### Synopsis

In this report we are interested to know if automatic or manual transmission is better for MPG using the mtcars dataset and to quantify this result. The complication is that other variables also affect the MPG. In our best linear regression model, we see that weight and $\frac{1}{4}$ mile time influence the MPG and therefore transmission alone cannot be used to determine the better MPG.

### Exploratory Data Analysis

We first look at the names from the dataset. We are interested in the mpg and am (transmission) variables for our exploratory analysis. However, we will look at the other variables for our regression model fitting.

A visual representation of the data helps us understand the transmission type effect on MPG. Please see Figure 1 above. Looking at the plot, we can clearly see that manual transmission offers higher MPG. If we aggregate the data by transmission type, we get the mean MPG for each:
Automatic transmission is 17.15 and Manual transmission is 24.39.

A Welch two sample t-test is performed for statistical inference and uncertainty purposes. The results show there is a 95% confidence interval of [-11.28, -3.21] when examining mpg and am. The negative intervals indicate a decrease in MPG for automatic transmission since the means were subtracted as automatic – manual. We also see that $p=$ 0.0013736 $<0.05$, so our null hypothesis ($H_0$) stating there is no difference between the transmissions on MPG is rejected. This makes sense since we calculated the means showing manual transmission having more MPG over automatic.

### Regression Model Fitting

We would like to develop some linear regression models to help us quantify the transmission type effect on the MPG. Please see the table below for the regression results. Below are the three models that were tested with mpg as the outcome and differing predictors.

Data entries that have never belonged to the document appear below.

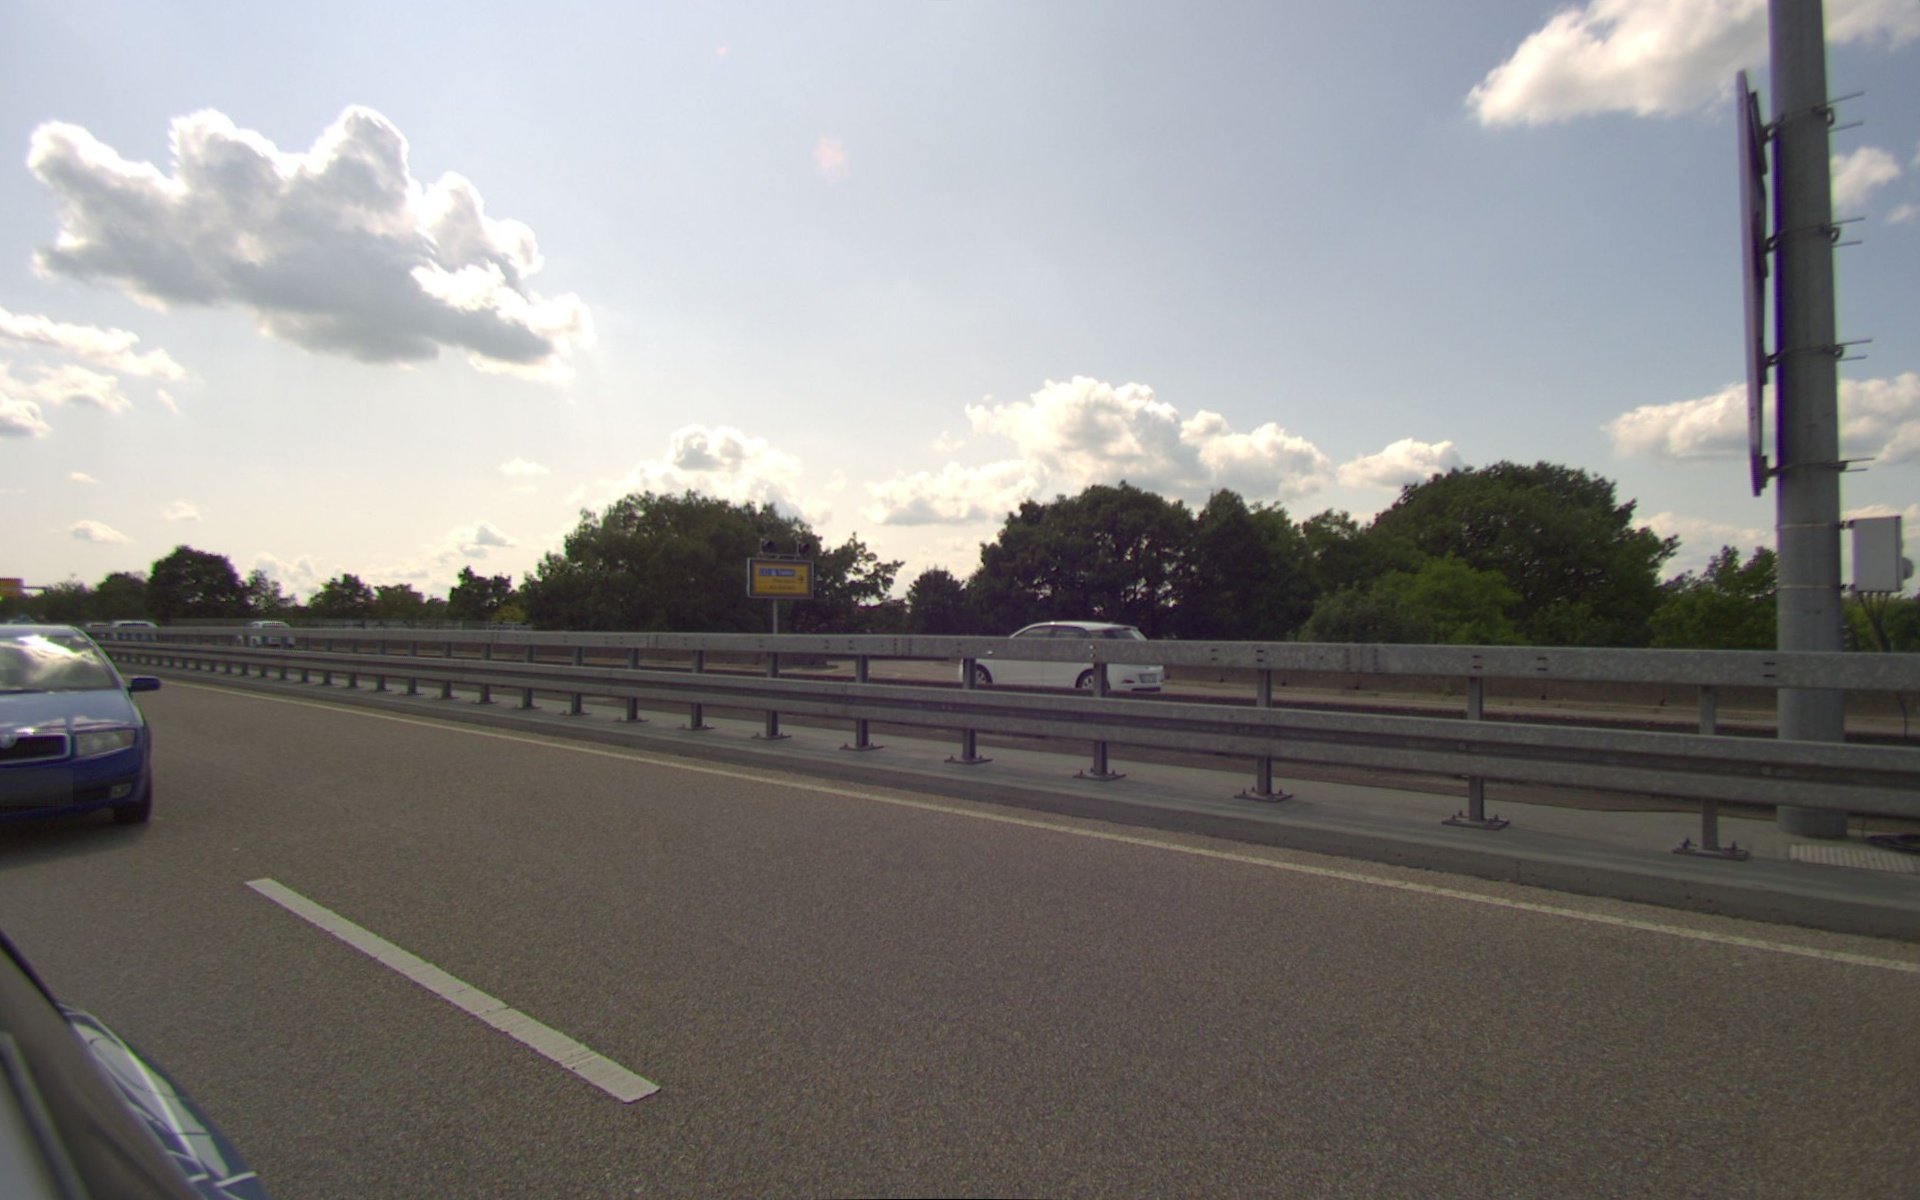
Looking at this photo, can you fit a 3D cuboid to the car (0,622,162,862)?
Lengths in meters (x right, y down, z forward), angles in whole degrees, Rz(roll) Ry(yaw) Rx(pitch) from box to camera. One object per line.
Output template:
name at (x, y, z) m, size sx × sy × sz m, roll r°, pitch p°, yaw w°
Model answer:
car at (-7.133, 0.901, 7.384) m, size 3.773 × 1.422 × 1.603 m, roll -2°, pitch 0°, yaw 45°

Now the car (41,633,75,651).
car at (-78.050, 3.631, 87.539) m, size 3.627 × 1.486 × 1.582 m, roll -2°, pitch -4°, yaw 39°

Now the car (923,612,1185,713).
car at (1.632, 1.085, 18.809) m, size 4.710 × 1.608 × 1.779 m, roll -2°, pitch 0°, yaw 41°

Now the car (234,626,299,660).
car at (-35.154, 2.168, 51.263) m, size 3.952 × 1.593 × 1.810 m, roll -2°, pitch 0°, yaw 42°

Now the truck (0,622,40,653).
truck at (-70.208, 2.751, 75.458) m, size 5.186 × 2.203 × 1.853 m, roll -2°, pitch -1°, yaw 42°

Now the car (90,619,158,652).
car at (-43.147, 1.819, 52.204) m, size 4.238 × 1.540 × 1.884 m, roll -2°, pitch 0°, yaw 39°

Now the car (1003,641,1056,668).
car at (5.657, 4.372, 81.946) m, size 1.995 × 1.912 × 5.108 m, roll -2°, pitch 0°, yaw 34°

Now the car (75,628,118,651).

Model1 <- lm(mpg ~ am, data=mtcars)
Model2 <- step(lm(mpg ~ ., data=mtcars))
Model3 <- lm(mpg ~ am:wt+am:qsec, data=mtcars)

This first model indicates that for manual transmission, MPG is on average 7.24 more than automatic. The p-values are very small to also indicate the difference. However, we want to find out which other variables are effecting mpg. To do this, we perform a stepwise algorithm by AIC on a multivariate linear model with all variables as the predictors. This returns an optimized model.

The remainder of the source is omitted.